Current Clinical Targets
The Skin and RDEB
The skin is the largest organ of the body and is extremely dynamic, responsible for a multitude of body functions. All layers of the skin work in unison to provide both structural integrity and strength, as well as flexibility. Collagens comprise a family of proteins which are major components of the skin and connective tissues.
Recessive Dystrophic Epidermolysis Bullosa (RDEB) is a rare, inherited debilitating skin fragility disorder caused by mutations in the COL7A1 gene which codes for collagen VII, a crucial protein which gives structural integrity to the skin.
Mutations in the COL7A1 gene lead to a non-functional collagen VII protein which is a major component of the anchoring fibrils, which act like “velcro” to adhere the epidermis to the underlying dermis.
A lack of functional Collagen VII leaves the skin extremely fragile, resulting in severe blistering and erosions of the skin throughout the body followed by scarring and fibrosis.
No definitive treatments have been established to date for RDEB with the main principle of care focused on wound management, infection control and pain alleviation. We at Branca Bunús are currently developing BrB 101 for the treatment of RDEB, a gene therapy targeted to remove disease causing mutations in the COL7A1 gene and restoring functional Collagen VII to patients skin.
Collagen VII forms the main component of anchoring fibrils which connect the dermis to the epidermis. RDEB sufferers display damaged or absent anchoring fibrils which causes separation of the skin layers and blister formation.
BrB-101 for Recessive Dystrophic Epidermolysis Bullosa
BrB-101 is our lead product candidate that is targeted to treat and excise disease causing mutations in exon 80 of the COL7A1 gene, leading to a restoration of patients own Collagen VII protein. BrB-101 uses our patented polymer based gene delivery platform technology to carry a CRISPR medicine designed to permanently remove the COL7A1 mutations in exon 80, directly to the skin of suffering patients. This non-invasive approach can restore functional Collagen VII production and thus anchoring fibril formation and structural integrity to patients skin. This non-viral gene therapy is applied topically to open RDEB wounds.

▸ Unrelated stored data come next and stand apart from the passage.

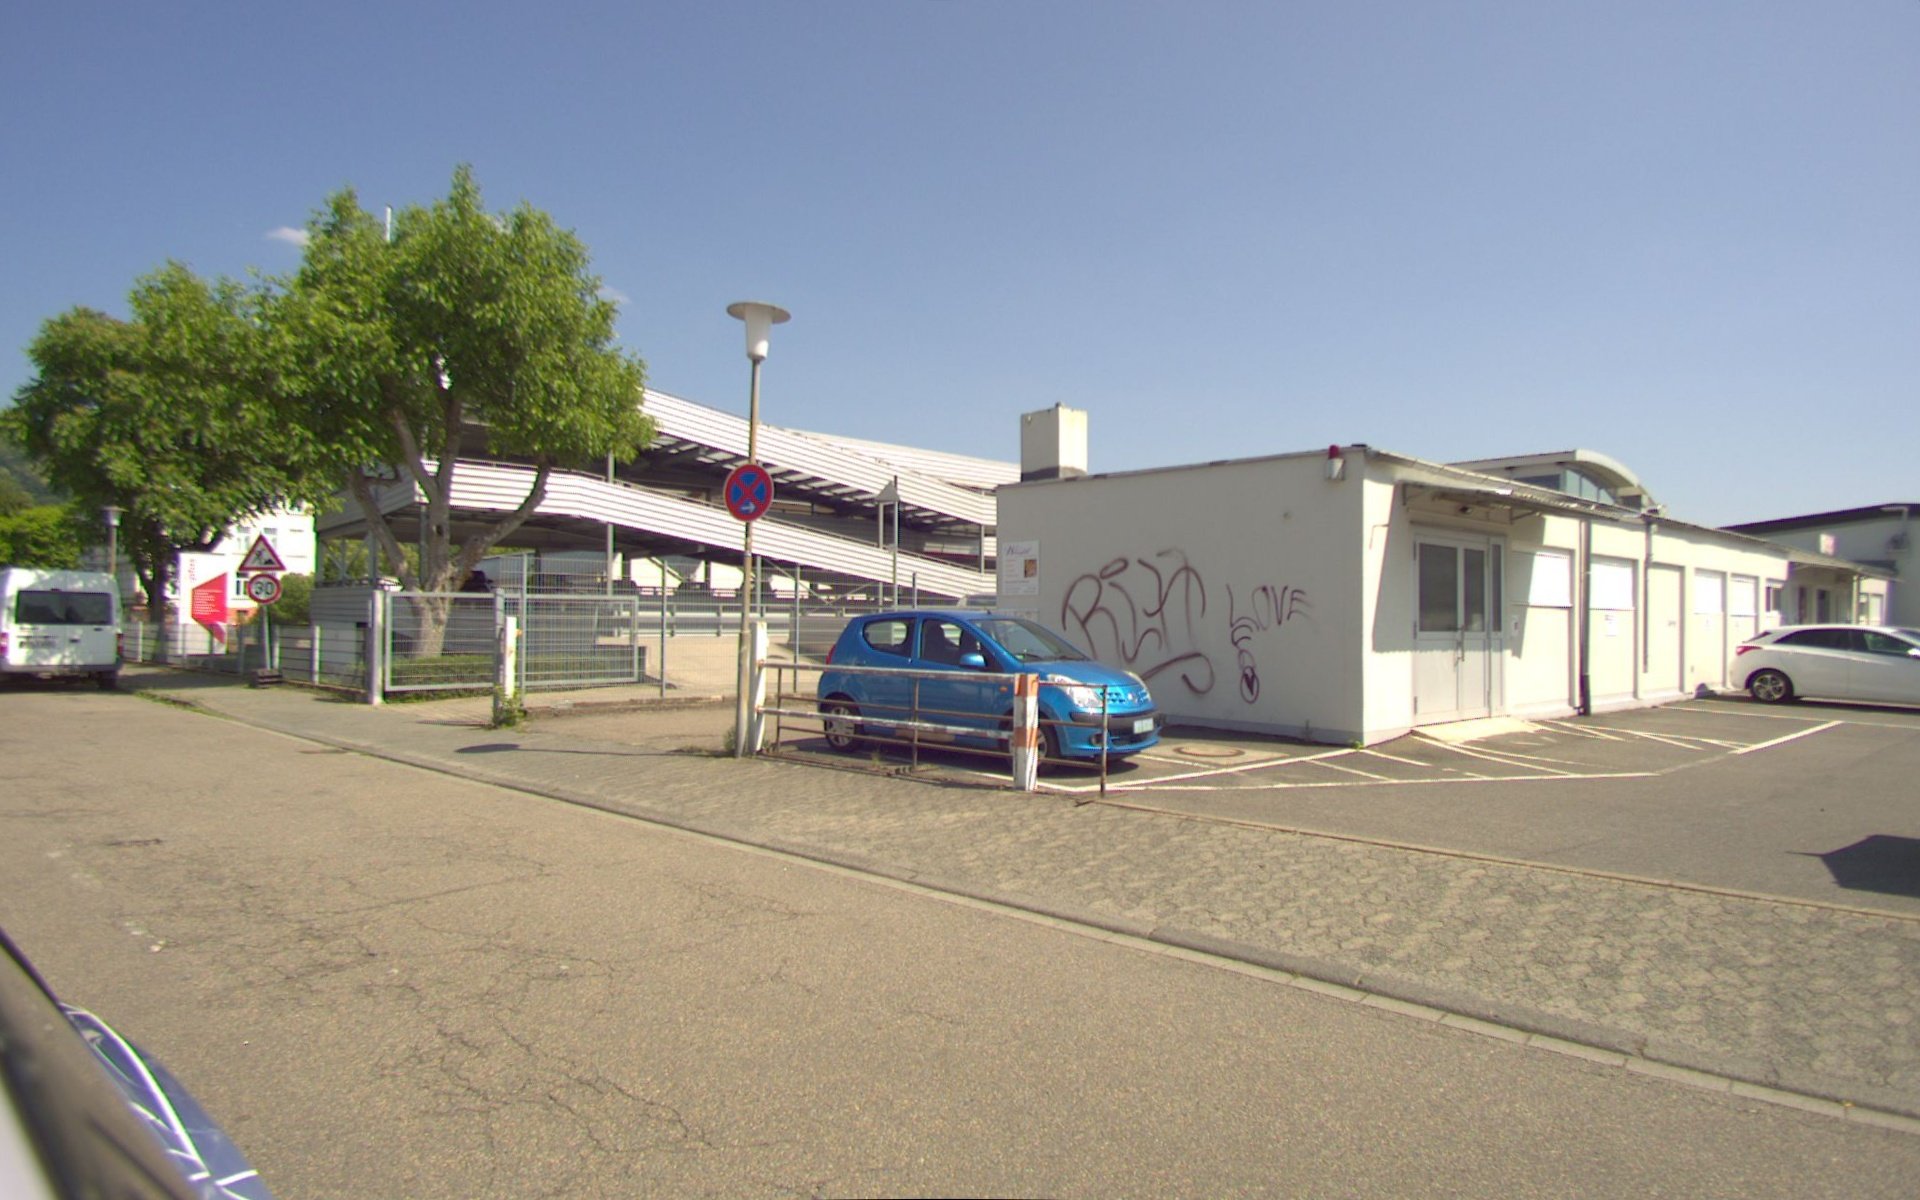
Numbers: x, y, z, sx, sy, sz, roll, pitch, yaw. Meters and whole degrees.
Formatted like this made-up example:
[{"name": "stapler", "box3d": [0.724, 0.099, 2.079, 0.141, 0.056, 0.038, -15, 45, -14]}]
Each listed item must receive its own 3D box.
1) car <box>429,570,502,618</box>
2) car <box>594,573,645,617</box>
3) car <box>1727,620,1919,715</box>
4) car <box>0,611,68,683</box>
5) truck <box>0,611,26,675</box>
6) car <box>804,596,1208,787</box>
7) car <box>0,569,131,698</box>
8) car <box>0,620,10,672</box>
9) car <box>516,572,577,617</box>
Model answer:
[{"name": "car", "box3d": [-18.518, -0.246, 38.052, 1.787, 1.684, 4.012, 1, 1, -16]}, {"name": "car", "box3d": [-14.163, -0.242, 42.253, 1.787, 1.684, 4.012, 1, 1, -16]}, {"name": "car", "box3d": [16.215, 1.154, 17.636, 1.791, 1.542, 4.235, 3, -2, -38]}, {"name": "car", "box3d": [-23.308, 1.082, 24.507, 3.965, 1.636, 1.689, 0, -3, 36]}, {"name": "truck", "box3d": [-25.989, 1.114, 26.922, 3.137, 1.634, 1.127, -1, -4, 38]}, {"name": "car", "box3d": [0.370, 0.786, 10.047, 3.671, 1.542, 1.796, -1, -3, 39]}, {"name": "car", "box3d": [-19.274, 0.676, 21.082, 5.223, 2.384, 1.985, -1, -3, 39]}, {"name": "car", "box3d": [-29.590, 1.311, 29.857, 4.109, 1.474, 1.688, 0, -3, 39]}, {"name": "car", "box3d": [-16.300, -0.246, 40.080, 1.787, 1.684, 4.012, 1, 1, -16]}]

Exon 80 has been identified as a frequent site of recurring mutations that give rise to RDEB.
PAM target sequences adjacent to the mutation site enables CRISPR-Cas recognition for binding.
BrB 101 carrying CRISPR-Cas targeted to PAM sequences adjacent to Exon 80 mutations in COL7A1 gene.
CRISPR-Cas cuts target DNA resulting in deletion of mutation containing Exon 80.
COL7A1 gene is repaired leading to a restoration of Collagen VII production.